Dopo più di due secoli, tra il 1795-1796, furono effettuati ingenti lavori di riallestimento della chiesa, molto probabilmente resi necessari in seguito al grave terremoto del 1789; presumibilmente durante questo evento catastrofico la carpenteria lignea che incorniciava il dipinto fu perduta e venne successivamente sostituita da una mostra in stucco. Sempre a questo periodo si può far risalire l’intervento sul supporto ligneo che ha previsto l’aggiunta di cinque traverse, l’ammannitura del retro e l’aggiunta di un tassello nella parte inferiore destra, a seguito della quale la superficie pittorica venne uniformata con una vasta ridipintura. Successivamente, anche se non è possibile datare l’intervento, sono state inserite numerose farfalle.
Il primo restauro dell’opera che venne documentato risale all’inizio del XX secolo; nel 1914 fu incaricato Domenico Fiscali di intervenire sul dipinto a causa del precario stato conservativo, in questa occasione venne effettuata la fermatura del colore e la verniciatura.
Il successivo intervento di cui si ha traccia è quello del 1979 in cui il restauratore aretino Carlo Guido fu incaricato di effettuare la fermatura, la pulitura e la stuccatura; mentre l’esecuzione dell’intervento strutturale che prevedeva l’inserimento dei cunei in corrispondenza delle fessurazioni venne affidato a Italo Nespoli.
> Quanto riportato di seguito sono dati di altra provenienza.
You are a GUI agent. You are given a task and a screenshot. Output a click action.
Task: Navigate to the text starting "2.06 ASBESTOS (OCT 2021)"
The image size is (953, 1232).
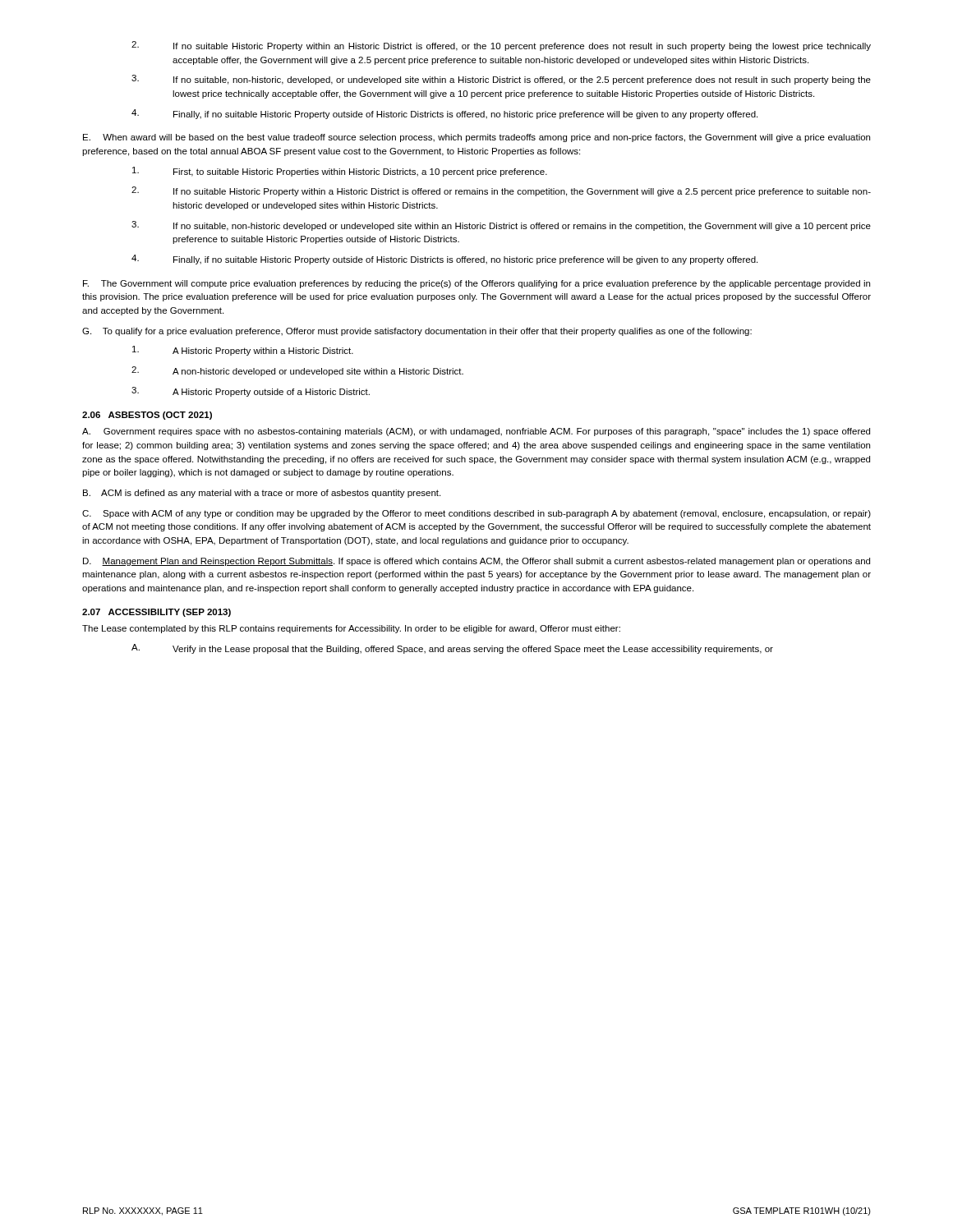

Nel 2011, in occasione della mostra aretina Il primato dei Toscani nelle “Vite” del Vasari si è intervenuti ulteriormente sull’opera mediante una disinfestazione con metodo anossico a cura del Laboratorio di Conservazione e Restauro “Antica Maniera” di Marco Santi.
Nel 2013 l’opera è stata sottoposta ad indagini non invasive presso il Laboratorio di Analisi Thierry Radelet e nel 2014 in vista del prestito del dipinto alla mostra fiorentina Pontormo e Rosso: divergenti vie della “maniera” è stato realizzato l’intervento che ha previsto la pulitura, la fermatura e la stuccatura dei fori di tarlo.
L’intervento di restauro è in corso d’opera presso i Laboratori della Fortezza da Basso di Firenze.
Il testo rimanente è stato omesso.